* **Directions**
Here are some records; copy every line that holds the word "Cognitive".

* **Extracted records**
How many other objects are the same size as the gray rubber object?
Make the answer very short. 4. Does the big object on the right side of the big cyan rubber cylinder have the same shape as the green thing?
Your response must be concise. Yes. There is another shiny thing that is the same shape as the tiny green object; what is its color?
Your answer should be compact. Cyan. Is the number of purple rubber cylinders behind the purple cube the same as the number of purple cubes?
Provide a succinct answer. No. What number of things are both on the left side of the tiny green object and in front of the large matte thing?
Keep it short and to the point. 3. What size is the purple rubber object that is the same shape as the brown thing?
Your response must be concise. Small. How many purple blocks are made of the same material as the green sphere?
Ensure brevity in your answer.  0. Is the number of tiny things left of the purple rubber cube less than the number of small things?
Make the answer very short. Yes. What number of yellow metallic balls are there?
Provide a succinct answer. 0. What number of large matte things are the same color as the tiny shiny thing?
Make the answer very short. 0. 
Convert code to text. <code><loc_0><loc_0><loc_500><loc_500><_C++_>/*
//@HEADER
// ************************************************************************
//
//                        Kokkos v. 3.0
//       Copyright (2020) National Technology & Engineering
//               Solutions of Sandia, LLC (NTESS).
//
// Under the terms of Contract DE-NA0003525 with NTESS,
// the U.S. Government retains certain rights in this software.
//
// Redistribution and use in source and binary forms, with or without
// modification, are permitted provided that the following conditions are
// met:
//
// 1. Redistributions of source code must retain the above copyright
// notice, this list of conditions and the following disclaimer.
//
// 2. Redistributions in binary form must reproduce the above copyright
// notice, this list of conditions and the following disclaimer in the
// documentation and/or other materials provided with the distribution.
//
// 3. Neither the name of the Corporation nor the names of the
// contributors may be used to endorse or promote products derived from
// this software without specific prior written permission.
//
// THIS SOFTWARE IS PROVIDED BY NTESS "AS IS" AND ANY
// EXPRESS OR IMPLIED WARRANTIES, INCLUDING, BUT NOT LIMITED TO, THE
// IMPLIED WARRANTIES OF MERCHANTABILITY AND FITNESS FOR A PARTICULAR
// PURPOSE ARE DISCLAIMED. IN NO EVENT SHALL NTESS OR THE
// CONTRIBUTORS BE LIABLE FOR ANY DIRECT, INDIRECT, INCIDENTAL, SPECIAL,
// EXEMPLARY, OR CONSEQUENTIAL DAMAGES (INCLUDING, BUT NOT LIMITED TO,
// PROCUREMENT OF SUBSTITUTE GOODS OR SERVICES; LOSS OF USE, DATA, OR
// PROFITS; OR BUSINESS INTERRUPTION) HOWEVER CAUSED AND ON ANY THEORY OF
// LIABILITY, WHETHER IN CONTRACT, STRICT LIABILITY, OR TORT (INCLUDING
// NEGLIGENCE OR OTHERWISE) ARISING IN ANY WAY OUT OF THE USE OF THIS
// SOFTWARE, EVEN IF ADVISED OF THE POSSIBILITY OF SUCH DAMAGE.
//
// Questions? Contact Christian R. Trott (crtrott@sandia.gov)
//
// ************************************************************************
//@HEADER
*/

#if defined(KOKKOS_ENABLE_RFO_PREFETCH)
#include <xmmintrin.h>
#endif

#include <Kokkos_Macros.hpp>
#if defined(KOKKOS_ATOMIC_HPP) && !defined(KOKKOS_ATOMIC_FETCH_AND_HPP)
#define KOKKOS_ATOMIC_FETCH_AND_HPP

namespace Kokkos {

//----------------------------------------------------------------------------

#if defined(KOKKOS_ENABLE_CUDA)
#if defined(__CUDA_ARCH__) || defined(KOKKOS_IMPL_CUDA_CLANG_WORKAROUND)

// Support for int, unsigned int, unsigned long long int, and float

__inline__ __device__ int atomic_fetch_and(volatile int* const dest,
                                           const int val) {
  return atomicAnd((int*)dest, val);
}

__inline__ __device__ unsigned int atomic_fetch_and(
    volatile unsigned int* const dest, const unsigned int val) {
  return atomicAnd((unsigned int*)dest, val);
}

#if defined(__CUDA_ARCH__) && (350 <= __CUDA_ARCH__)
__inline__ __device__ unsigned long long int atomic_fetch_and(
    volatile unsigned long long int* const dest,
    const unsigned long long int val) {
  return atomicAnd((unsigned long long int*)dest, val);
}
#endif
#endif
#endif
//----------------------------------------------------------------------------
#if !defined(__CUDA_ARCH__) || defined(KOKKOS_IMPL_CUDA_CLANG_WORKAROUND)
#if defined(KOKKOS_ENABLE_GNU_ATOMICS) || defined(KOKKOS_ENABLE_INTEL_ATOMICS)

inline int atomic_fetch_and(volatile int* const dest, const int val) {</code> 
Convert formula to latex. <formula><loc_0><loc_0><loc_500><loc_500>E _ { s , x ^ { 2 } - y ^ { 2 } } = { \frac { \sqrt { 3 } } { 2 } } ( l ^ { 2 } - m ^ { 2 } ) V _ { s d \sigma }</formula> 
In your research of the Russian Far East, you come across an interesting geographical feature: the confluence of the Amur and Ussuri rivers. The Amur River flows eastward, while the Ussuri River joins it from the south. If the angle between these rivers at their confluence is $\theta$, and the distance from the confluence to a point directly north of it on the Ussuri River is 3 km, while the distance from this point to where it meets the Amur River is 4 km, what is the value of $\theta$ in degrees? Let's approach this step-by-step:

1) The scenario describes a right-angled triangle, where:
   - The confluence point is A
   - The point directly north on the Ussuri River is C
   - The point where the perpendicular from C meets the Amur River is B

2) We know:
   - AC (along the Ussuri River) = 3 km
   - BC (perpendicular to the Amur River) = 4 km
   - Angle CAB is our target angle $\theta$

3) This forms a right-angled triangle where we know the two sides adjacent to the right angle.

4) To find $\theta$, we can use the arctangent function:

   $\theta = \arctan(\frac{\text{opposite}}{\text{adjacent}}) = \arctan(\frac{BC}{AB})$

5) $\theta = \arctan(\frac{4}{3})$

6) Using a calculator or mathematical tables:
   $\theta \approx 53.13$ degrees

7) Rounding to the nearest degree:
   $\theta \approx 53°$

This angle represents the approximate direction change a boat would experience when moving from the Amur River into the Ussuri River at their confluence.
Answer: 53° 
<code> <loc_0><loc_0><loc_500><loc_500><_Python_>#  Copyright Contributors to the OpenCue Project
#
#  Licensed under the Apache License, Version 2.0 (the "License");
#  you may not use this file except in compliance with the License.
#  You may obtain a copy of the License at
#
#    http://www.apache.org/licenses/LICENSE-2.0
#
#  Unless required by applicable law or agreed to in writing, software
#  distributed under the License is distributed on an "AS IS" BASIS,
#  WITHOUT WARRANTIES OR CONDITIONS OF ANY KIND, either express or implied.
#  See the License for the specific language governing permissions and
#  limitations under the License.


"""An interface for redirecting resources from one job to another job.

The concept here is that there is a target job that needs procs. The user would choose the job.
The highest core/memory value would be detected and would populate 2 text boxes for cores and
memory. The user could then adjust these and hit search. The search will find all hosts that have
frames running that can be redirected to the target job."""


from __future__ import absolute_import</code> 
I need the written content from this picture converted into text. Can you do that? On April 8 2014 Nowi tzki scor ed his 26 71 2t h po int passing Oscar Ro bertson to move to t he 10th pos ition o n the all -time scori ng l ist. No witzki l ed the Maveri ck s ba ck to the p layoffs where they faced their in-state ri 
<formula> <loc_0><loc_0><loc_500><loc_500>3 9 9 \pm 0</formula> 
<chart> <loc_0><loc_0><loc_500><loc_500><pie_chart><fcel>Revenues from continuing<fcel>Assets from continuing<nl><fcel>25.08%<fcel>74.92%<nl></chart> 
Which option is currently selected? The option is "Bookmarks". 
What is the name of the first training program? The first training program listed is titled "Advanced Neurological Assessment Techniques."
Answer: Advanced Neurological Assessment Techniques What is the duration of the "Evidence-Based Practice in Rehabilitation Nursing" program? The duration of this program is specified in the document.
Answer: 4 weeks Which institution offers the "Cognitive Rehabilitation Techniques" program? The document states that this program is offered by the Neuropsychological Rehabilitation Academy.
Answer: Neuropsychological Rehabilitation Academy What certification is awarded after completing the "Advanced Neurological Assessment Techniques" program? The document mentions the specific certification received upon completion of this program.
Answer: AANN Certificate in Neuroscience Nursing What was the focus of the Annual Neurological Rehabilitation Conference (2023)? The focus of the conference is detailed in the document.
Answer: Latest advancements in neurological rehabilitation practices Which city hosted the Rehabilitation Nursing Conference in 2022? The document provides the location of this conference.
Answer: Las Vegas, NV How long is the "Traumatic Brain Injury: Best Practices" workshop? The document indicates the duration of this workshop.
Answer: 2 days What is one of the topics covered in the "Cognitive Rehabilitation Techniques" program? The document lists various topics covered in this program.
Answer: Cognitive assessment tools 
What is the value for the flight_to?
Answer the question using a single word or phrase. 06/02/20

* **Output for this task**
Answer: 4 weeks Which institution offers the "Cognitive Rehabilitation Techniques" program? The document states that this program is offered by the Neuropsychological Rehabilitation Academy.
Answer: 2 days What is one of the topics covered in the "Cognitive Rehabilitation Techniques" program? The document lists various topics covered in this program.
Answer: Cognitive assessment tools 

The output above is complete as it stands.